Никто не оставляет наследства, ученичество невозможно. Почему настоящее не кончается? Или все же кончается? Может, уже давно кончилось, а мы живем по инерции? Мы – имитаторы?
Или вновь рождаются люди, имеющие свое знание? Откуда они появляются? Откуда оно берется?
2. Среди художников
9:22
Я проснулся и взглянул на часы. Было 9 часов 22 минуты. Как обидно! Почему я не завел часы? На электричку до технического перерыва не попадаю, а после не имеет смысла, все равно ничего не успею обмерить. Или поехать? Хоть покажусь на глаза заказчику. С ужасной тоской я представил себе этого заказчика и свой объект – ободранную церковь, простодушно стоящую у самой дороги и превращенную в огромную выгребную яму. Как возвращать ей божеский вид, с чего начинать? Даже обмеры еще не закончены, а время идет, и какой сегодня день? Понедельник?
А действительно, какой сегодня день? Это мыслительное усилие наконец разбудило меня уже не во сне, а наяву. Сон быстро уходил, а освободившееся место занимало невероятное облегчение: все в прошлом, а сегодня нет ни заказчика, ни объекта, нет обмеров в осклизлой грязи, электрички и технического перерыва.
Я окончательно проснулся и взглянул на часы. Было 9 часов 22 минуты.
Не устаю поражаться таким вещам. Откуда я во сне знаю, сколько сейчас времени? Живые часы? Что это значит? Что я постоянно отсчитываю время, не замечая этого, и такая программа работает постоянно? И, вероятно, не единственная. А какая еще? «Русский шансон»?
Второй голос
Мало того что стал просыпаться по ночам с ужасным жжением в желудке, так оно еще точно нашло себе мелодическую пару. Вдруг обнаруживается, что твое низшее сознание не спит, а распевает кошачьим каким-то голосом что-то несусветное: «Ты ла-асточка моя! Ты зорька я-ясная!» Что-то из телевизора КВН с протекающей линзой, облепленной по краям коричневым пластилином. Сколько же лет оно там хранилось?

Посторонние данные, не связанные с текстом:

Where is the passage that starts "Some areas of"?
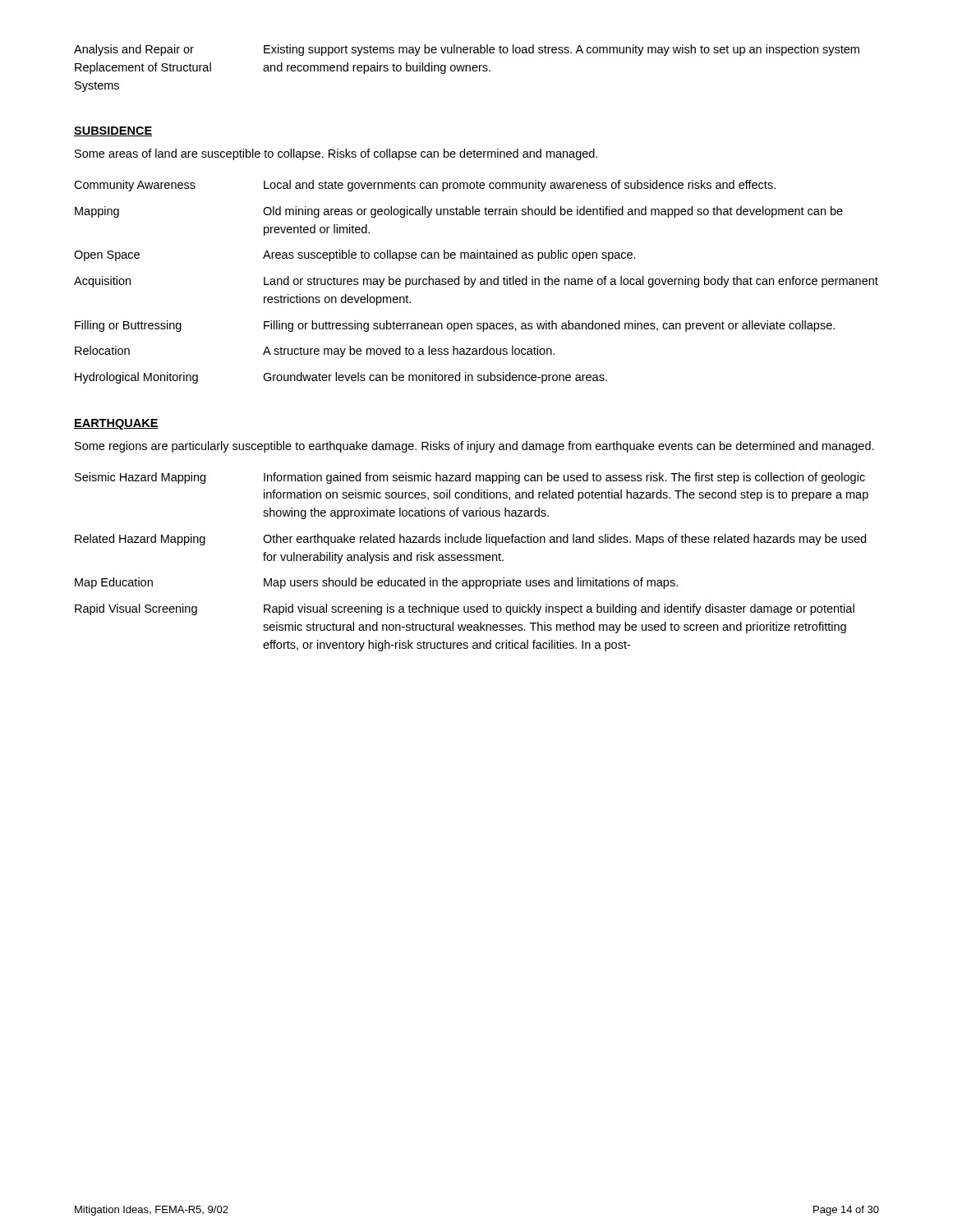This screenshot has width=953, height=1232. (336, 154)

Страшно интригует меня этот второй голос. Обычно он не выходит на поверхность сознания, но, похоже, никогда полностью не замолкает. На него не обращаешь внимания, как будто это дальний фон – неясная декорация в самой глубине сцены. При этом на авансцене идет осмысленное действие, вполне динамичное. Но оно почему-то не захватывает «фон», тот живет своей жизнью и показывает собственную пьесу.
Реставратор
Реставратор сходит с пригородной электрички, идет в направлении церкви. Проходя городскую зеленую зону, он видит упавшую старую иву, та вывернулась винтом, и в свежих скрученных волокнах краснеет сгнившая сердцевина дерева, похожая на кирпичную труху. Только из-за таких древних ив вдоль речки можно догадаться, что когда-то здесь был усадебный парк. Остальное вырублено и заставлено транспарантами.
Мой спутник, инженер по технике безопасности, человек с огромным и как будто ватным задом, носит к тому же длинные локоны до плеч и косые бачки. Общее впечатление дополняет желтый в крапинку пиджак без лацканов, правда довольно затертый. Откуда взялись такие претензии, оставалось загадкой: мужик был на удивление темный, немолодой и вообще партийный. Локонов своих он явно стеснялся.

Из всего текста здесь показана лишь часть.